[95] Among the many works whose publication was inspired by Hakluyt, was the issue in 1612 of an English version of the eight Decades of Peter Martyr, translated by Michael Locke, thus laying before the English reader whatever that industrious chronicler had written concerning Sebastian Cabot. The first three Decades, as we have already seen, had been translated by Richard Eden, many years before, and those were now adopted by Locke into his completed version; the work was entitled De Novo Orbe, or the History of the West Indies, etc., London, 1612. It contained a Latin dedication to Sir Julius Cæsar, and an address in English to the reader. The same sheets were also issued with another titlepage without date, and omitting the Latin dedication, and also again in 1628 with a new title, calling the book a second edition. [Copies of either issue are worth from £5 to £10, and even more. Fifty years ago Rich (1832, no. 130) priced one at £1 16s. The text was reprinted in the supplement to the 1809 edition of Hakluyt.—Ed.]

Purchas has several notices of the Cabots taken from Hakluyt principally, hereafter the great authority cited, and from Ramusio. His is the earliest mention made, within my knowledge, of Sebastian Cabot’s picture in Whitehall gallery, but he speaks of it as though it were displayed on Clement Adams’s map hanging there. He probably never took the trouble to visit the gallery himself, but wrote from wrong information.

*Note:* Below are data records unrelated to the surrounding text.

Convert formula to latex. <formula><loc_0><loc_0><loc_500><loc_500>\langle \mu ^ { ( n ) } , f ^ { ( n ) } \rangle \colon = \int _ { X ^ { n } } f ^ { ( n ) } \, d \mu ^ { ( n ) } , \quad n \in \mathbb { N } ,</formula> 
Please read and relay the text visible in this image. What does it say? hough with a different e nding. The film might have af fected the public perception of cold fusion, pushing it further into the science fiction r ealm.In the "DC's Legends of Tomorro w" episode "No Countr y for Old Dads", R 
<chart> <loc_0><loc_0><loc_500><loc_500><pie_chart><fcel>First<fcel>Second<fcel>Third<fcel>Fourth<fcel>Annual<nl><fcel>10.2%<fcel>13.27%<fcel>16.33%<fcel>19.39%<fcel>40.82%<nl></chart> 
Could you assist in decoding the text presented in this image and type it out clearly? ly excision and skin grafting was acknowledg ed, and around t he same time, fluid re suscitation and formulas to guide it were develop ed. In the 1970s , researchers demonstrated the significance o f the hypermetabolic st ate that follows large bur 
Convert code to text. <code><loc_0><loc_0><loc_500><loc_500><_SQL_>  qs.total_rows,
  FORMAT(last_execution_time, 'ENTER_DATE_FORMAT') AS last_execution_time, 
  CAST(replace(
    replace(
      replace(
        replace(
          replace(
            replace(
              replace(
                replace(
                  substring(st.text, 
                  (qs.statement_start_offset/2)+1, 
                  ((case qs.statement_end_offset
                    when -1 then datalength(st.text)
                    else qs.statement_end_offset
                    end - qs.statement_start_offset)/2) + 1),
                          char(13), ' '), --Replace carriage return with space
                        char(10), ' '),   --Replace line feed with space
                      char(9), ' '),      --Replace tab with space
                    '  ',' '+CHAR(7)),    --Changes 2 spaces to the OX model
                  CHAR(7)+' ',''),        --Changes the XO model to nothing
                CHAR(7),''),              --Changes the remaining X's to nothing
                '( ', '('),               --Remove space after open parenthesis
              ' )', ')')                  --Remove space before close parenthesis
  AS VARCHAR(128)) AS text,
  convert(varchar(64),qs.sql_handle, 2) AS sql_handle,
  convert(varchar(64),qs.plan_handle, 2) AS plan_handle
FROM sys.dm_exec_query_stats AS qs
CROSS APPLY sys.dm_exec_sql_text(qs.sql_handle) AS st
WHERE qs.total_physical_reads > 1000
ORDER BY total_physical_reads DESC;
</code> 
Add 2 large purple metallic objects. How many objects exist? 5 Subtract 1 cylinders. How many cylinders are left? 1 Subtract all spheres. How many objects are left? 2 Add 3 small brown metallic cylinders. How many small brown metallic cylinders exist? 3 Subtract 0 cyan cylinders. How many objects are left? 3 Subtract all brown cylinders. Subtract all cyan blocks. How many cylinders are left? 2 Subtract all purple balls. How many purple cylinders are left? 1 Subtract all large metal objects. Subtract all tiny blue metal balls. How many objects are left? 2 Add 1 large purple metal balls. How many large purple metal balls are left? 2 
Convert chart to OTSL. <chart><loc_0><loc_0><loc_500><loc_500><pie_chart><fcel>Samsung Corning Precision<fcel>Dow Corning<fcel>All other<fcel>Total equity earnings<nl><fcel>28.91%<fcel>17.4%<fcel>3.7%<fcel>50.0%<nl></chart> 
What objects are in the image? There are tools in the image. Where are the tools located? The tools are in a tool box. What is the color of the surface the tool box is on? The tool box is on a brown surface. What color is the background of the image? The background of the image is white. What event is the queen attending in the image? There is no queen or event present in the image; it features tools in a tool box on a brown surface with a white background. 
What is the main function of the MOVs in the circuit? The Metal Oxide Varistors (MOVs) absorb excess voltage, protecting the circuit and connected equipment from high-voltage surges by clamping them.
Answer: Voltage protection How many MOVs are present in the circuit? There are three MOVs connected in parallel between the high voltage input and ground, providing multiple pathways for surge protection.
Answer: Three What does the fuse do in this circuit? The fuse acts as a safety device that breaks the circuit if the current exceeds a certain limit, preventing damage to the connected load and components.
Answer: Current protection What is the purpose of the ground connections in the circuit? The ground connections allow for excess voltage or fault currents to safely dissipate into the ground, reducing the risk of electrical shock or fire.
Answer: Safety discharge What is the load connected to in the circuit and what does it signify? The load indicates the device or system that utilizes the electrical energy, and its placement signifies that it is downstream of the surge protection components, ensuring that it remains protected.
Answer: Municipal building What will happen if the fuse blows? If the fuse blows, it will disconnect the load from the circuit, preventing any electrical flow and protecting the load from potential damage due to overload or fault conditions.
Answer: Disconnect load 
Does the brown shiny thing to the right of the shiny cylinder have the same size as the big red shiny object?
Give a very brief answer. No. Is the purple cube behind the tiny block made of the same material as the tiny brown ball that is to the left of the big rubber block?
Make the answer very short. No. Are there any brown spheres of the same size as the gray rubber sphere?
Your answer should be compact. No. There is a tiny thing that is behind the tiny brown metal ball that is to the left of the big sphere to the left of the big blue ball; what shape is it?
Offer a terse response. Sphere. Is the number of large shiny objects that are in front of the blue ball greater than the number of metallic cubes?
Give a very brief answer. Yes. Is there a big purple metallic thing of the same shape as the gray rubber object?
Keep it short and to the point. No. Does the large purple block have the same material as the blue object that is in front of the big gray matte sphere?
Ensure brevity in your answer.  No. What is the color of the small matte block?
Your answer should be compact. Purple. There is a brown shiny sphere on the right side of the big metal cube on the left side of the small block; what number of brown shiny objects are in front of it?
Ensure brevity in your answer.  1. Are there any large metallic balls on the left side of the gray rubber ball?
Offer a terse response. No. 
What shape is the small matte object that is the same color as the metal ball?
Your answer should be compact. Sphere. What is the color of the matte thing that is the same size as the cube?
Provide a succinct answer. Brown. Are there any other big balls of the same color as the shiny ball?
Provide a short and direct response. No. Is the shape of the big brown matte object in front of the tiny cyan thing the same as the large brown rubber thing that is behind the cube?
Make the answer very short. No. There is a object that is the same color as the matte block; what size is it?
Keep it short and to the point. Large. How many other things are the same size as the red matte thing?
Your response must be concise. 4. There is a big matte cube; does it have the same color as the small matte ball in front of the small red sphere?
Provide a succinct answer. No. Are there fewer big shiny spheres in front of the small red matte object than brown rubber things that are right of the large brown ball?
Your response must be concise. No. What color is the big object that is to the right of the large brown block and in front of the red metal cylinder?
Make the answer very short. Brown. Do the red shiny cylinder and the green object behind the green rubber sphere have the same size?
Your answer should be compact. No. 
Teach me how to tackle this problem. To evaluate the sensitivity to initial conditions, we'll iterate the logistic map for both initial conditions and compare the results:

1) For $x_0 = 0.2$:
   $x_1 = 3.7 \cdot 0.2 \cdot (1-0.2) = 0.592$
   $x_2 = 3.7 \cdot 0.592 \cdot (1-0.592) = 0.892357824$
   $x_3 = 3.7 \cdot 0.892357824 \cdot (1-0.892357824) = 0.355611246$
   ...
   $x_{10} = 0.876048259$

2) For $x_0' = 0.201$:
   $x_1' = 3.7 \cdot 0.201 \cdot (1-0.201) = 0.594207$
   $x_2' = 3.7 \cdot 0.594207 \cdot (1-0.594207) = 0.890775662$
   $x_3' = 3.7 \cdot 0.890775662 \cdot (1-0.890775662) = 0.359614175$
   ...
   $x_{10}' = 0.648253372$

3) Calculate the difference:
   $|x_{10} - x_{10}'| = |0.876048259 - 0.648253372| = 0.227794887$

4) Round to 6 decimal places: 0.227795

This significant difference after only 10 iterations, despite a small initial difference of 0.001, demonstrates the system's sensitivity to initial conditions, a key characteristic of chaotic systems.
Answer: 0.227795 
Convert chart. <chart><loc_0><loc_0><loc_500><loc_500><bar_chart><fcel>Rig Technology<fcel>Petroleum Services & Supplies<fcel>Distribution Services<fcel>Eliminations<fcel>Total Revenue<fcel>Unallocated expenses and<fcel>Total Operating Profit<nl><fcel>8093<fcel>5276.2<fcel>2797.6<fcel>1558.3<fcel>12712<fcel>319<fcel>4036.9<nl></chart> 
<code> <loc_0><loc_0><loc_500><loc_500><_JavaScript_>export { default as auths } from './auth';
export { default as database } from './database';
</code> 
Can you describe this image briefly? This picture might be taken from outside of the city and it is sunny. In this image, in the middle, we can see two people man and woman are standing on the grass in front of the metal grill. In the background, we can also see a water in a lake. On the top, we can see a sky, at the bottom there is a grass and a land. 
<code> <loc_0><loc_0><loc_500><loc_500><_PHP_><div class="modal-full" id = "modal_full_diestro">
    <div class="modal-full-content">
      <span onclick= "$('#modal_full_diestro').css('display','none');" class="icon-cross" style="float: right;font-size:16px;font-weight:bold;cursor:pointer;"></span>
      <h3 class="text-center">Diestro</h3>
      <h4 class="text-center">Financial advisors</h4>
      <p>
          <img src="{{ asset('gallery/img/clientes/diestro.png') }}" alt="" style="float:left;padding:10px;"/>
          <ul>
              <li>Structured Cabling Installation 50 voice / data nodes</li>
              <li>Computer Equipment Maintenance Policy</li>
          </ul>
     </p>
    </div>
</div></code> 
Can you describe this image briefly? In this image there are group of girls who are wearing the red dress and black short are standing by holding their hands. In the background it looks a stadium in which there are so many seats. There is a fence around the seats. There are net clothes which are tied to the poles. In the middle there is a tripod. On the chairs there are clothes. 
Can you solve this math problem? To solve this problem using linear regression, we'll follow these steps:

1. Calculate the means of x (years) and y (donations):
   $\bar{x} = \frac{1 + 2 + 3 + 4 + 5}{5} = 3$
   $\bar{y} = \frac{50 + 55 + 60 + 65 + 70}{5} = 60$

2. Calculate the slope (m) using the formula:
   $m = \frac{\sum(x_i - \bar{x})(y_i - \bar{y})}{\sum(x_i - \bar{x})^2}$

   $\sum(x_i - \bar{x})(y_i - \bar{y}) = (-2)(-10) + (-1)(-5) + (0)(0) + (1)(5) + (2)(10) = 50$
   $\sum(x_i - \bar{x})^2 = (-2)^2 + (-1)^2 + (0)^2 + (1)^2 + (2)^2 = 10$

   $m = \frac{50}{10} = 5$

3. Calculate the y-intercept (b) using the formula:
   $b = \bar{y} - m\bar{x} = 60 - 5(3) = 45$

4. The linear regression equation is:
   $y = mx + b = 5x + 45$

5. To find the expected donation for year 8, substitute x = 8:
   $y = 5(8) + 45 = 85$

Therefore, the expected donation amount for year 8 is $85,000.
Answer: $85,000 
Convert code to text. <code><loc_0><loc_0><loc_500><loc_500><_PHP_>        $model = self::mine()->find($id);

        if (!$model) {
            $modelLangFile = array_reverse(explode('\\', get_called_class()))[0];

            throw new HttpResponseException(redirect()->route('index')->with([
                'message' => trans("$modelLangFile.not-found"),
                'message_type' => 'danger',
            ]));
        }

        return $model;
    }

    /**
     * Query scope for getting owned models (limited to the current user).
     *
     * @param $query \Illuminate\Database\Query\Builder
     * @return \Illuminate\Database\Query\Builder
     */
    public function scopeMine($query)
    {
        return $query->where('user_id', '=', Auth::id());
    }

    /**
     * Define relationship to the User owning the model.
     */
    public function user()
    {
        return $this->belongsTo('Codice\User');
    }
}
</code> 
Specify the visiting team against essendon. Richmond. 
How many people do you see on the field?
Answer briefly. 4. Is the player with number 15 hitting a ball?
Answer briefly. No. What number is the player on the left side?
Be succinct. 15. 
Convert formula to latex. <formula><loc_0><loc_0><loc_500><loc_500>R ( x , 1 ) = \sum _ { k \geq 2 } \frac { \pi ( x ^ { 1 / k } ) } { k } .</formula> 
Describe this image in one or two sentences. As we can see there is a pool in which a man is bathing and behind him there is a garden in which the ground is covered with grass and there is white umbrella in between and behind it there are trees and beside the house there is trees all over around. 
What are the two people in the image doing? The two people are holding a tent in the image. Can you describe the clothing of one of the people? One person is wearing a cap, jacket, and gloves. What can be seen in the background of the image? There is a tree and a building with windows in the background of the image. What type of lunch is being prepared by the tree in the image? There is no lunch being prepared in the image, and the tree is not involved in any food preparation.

[Purchas’s Pilgrimage gave his own form and language to the accounts of the voyages which he collected, and those in his eighth and ninth book concern America. It was published in 1613, when he was thirty-six years old. There was a second edition in 1614, and a third with additions in 1617, the year after Purchas inherited Hakluyt’s manuscripts. He now set about his greater work,—Hakluytus Posthumus, or Purchas, his Pilgrimes,—in which he changed his method, and preserved the language of the narratives, which he brought together. This was published in four volumes (part of the third and all of the fourth volume pertaining to America), in 1625; and the next year a new edition of his first work was brought out, which has ever since constituted the fifth volume of the entire work. The set has nearly or quite quadrupled in value during the last fifty and sixty years, and superior copies are now worth £100; such a copy however must contain the original engraved frontispiece with its little map of the world, which is seldom found, and “Hondius his Map of the World,” which is rarer still, on page 95, where ordinary copies show a reduplication merely of the map properly belonging on page 115. Mr. Deane owns Thomas Prince’s copy of the American portions, which are enriched with Prince’s notes. Samuel Sewall’s copy is in Harvard College Library. Purchas survived the publication but two years, and died in 1628. His service to the cause in which he and Hakluyt were so conspicuous workers, was great, but is not generally accounted as equal to that of the elder chronicler. See Clarke’s Maritime Discovery, i. xiii., and the references in Allibone’s Dictionary. Bohn’s Lowndes p. 2010, is useful in determining the collation, which is confused.—Ed.]

Bacon, in his Life of Henry VII. published in 1622, notices the voyage of Sebastian Cabot, in which North America was discovered; but mentioning no year implies that it took place in 1498. His principal authority seems to have been Stowe’s Chronicle.

A valuable work was published at Madrid in 1629, by Pinello D. Ant. de Leon, entitled an Epitome de la bibliotheca oriental i occidental, nautica i geographica, etc. of which a second edition, edited by De Barcia, was published in 1737-38. Particular mention is made in it of the several editions of the writings of Peter Martyr, though the information is not always correct. He says that Juan Pablo Martyr Rizo, a descendant of Peter Martyr, had a manuscript translation in Spanish of the Decades for printing, which we may well believe never appeared.

[96] In the Foreign and Domestic Calendars of Henry VIII., ii. pt. ii. p. 1576, Sebastian Talbot (Cabot) is named as receiving twenty shillings, in May, 1512, “for making a card of Gascoigne and Guyon.” He left soon after for Spain.

[97] Dec. i. p. 254, Madrid, 1730; Biddle, p. 98.

[98] Navarrete, Historica Nautica, p. 138.

[99] Page 119.

[100] D’Avezac, in Revue Critique, v. 265.